Unfortunately pinkbear, I have to wholeheartedly agree. 
I thought most of us learned to control ourselves somewhere in adolescence.  
Honestly, gear makes me feel more in control. Because everything is a choice. Stupid drivers piss me off, but I don't run them in a ditch


----------



## trodizzle (Jun 4, 2015)

My naps hurt right now from my shirt rubbing them while running. I need to put some Vaseline on them or something.


----------



## Seeker (Jun 4, 2015)

I'm pretty sure naps has been on the radar for quite some time now. Years I'm sure.


----------



## Infantry87 (Jun 4, 2015)

Seeker said:


> I'm pretty sure naps has been on the radar for quite some time now. Years I'm sure.
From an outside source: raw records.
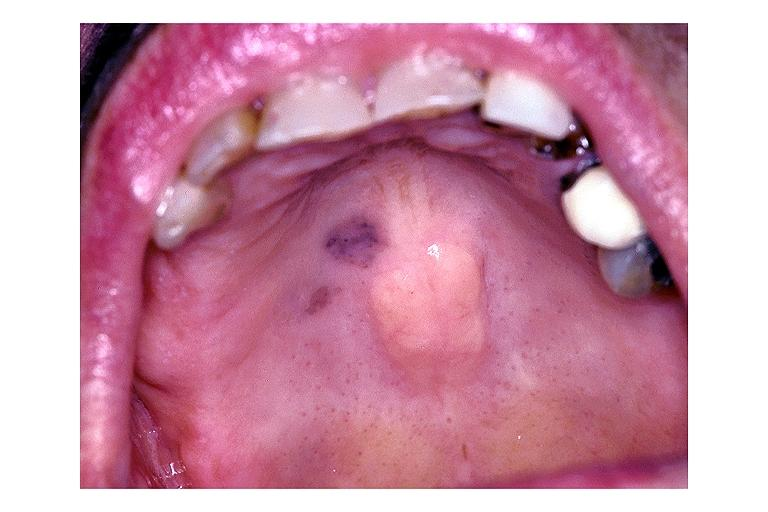s cut edge of mesentery present?
Answer the question using a single word or phrase. No 
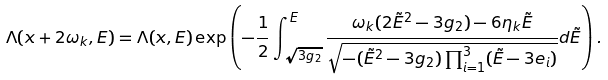Convert formula to latex. <formula><loc_0><loc_0><loc_500><loc_500>& \Lambda ( x + 2 \omega _ { k } , E ) = \Lambda ( x , E ) \exp \left ( - \frac { 1 } { 2 } \int _ { \sqrt { 3 g _ { 2 } } } ^ { E } \frac { \omega _ { k } ( 2 \tilde { E } ^ { 2 } - 3 g _ { 2 } ) - 6 \eta _ { k } \tilde { E } } { \sqrt { - ( \tilde { E } ^ { 2 } - 3 g _ { 2 } ) \prod _ { i = 1 } ^ { 3 } ( \tilde { E } - 3 e _ { i } ) } } d \tilde { E } \right ) .</formula> 
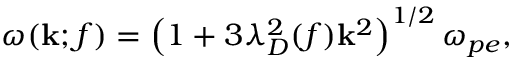Convert formula to latex. <formula><loc_0><loc_0><loc_500><loc_500>\omega ( k ; f ) = \left ( 1 + 3 \lambda _ { D } ^ { 2 } ( f ) k ^ { 2 } \right ) ^ { 1 / 2 } \omega _ { p e } ,</formula> 
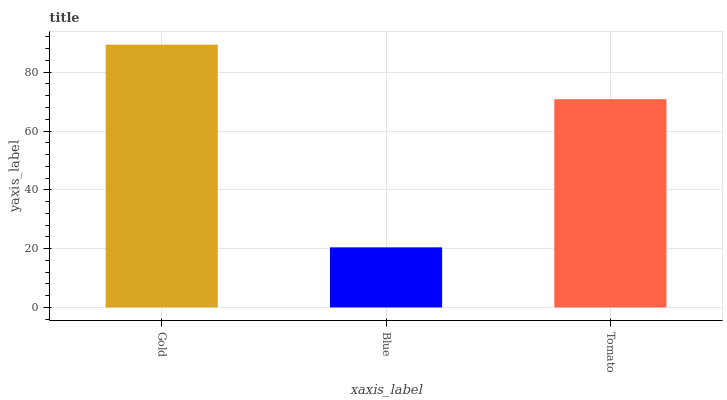Is Blue the minimum?
Answer yes or no. Yes. Is Gold the maximum?
Answer yes or no. Yes. Is Tomato the minimum?
Answer yes or no. No. Is Tomato the maximum?
Answer yes or no. No. Is Tomato greater than Blue?
Answer yes or no. Yes. Is Blue less than Tomato?
Answer yes or no. Yes. Is Blue greater than Tomato?
Answer yes or no. No. Is Tomato less than Blue?
Answer yes or no. No. Is Tomato the high median?
Answer yes or no. Yes. Is Tomato the low median?
Answer yes or no. Yes. Is Gold the high median?
Answer yes or no. No. Is Gold the low median?
Answer yes or no. No. 
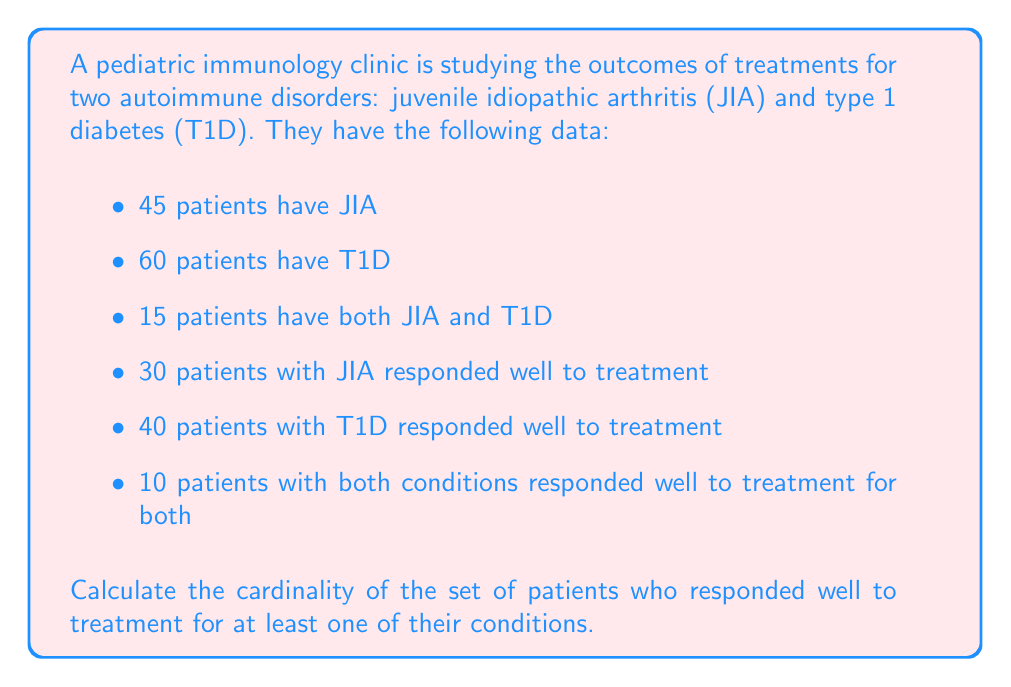Help me with this question. Let's approach this step-by-step using set theory:

1) Let J be the set of patients with JIA, and T be the set of patients with T1D.

2) We're given:
   $|J| = 45$
   $|T| = 60$
   $|J \cap T| = 15$

3) Let R be the set of patients who responded well to treatment for at least one condition.

4) We can split R into three disjoint subsets:
   - R_J: Patients who responded well to JIA treatment only
   - R_T: Patients who responded well to T1D treatment only
   - R_B: Patients who responded well to both treatments

5) We're given:
   $|R_J \cup R_B| = 30$
   $|R_T \cup R_B| = 40$
   $|R_B| = 10$

6) We can calculate:
   $|R_J| = 30 - 10 = 20$
   $|R_T| = 40 - 10 = 30$

7) Now, we can use the principle of inclusion-exclusion:
   $|R| = |R_J| + |R_T| + |R_B|$

8) Substituting the values:
   $|R| = 20 + 30 + 10 = 60$

Therefore, the cardinality of the set of patients who responded well to treatment for at least one of their conditions is 60.
Answer: 60 
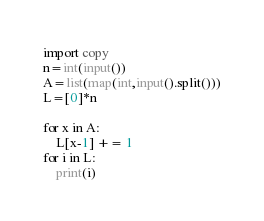<code> <loc_0><loc_0><loc_500><loc_500><_Python_>import copy
n=int(input())
A=list(map(int,input().split()))
L=[0]*n

for x in A:
    L[x-1] += 1
for i in L:
    print(i)
</code> 
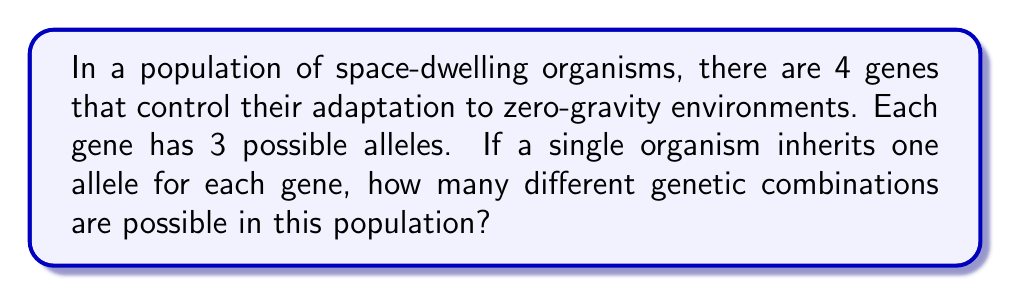What is the answer to this math problem? To solve this problem, we need to apply the fundamental counting principle from combinatorics. Let's break it down step-by-step:

1. We have 4 genes, each with 3 possible alleles.

2. For each gene, the organism must inherit exactly one allele.

3. The choices for each gene are independent of the others.

4. According to the fundamental counting principle, when we have a series of independent choices, we multiply the number of possibilities for each choice.

5. In this case, we have:
   - 3 choices for the first gene
   - 3 choices for the second gene
   - 3 choices for the third gene
   - 3 choices for the fourth gene

6. Therefore, the total number of possible genetic combinations is:

   $$3 \times 3 \times 3 \times 3 = 3^4$$

7. Calculate the result:
   $$3^4 = 81$$

Thus, there are 81 possible genetic combinations in this population of space-dwelling organisms.
Answer: $3^4 = 81$ combinations

Yea man he has. It's just a matter of time when he goes down


----------



## Infantry87 (Jun 4, 2015)

LeanHerm said:


> I think he still wants to fight yaya!!!



Yaya would kill his ass


----------



## Paolos (Jun 4, 2015)

Mastercrafter said:


> This is exactly why I won't use them.
> Found out last night, a very close friends husband was on gear and abusing her.
> She turned him in along with a few vials. Now they are tracing his laptop purchases. And his phone
> Don't even want my name associated with a large out fit. Because one little guy gets ****ed, even if he brought it on himself, it could take many more down.
> So yeah keep going napsgear, you stupid ****s.



Anybody that abuses a women should be punished


----------



## SuperBane (Jun 5, 2015)

Paolos said:


> Anybody that abuses a women should be punished



What if she liked it while it was being done and begged for more?


----------



## RustyShackelford (Jun 5, 2015)

SuperBane said:


> What if she liked it while it was being done and begged for more?



Legitament question.....


----------



## Mastercrafter (Jun 5, 2015)

Some of you guys are clowns. I promise it wasn't enjoyed you douche nozzles


----------



## Yaya (Jun 5, 2015)

Naps has/had some human grade amps that were g2g.


----------



## Paolos (Jun 5, 2015)

SuperBane said:


> What if she liked it while it was being done and begged for more?



Well that's another story..... That type of abuse is perfectly ok slam away!


----------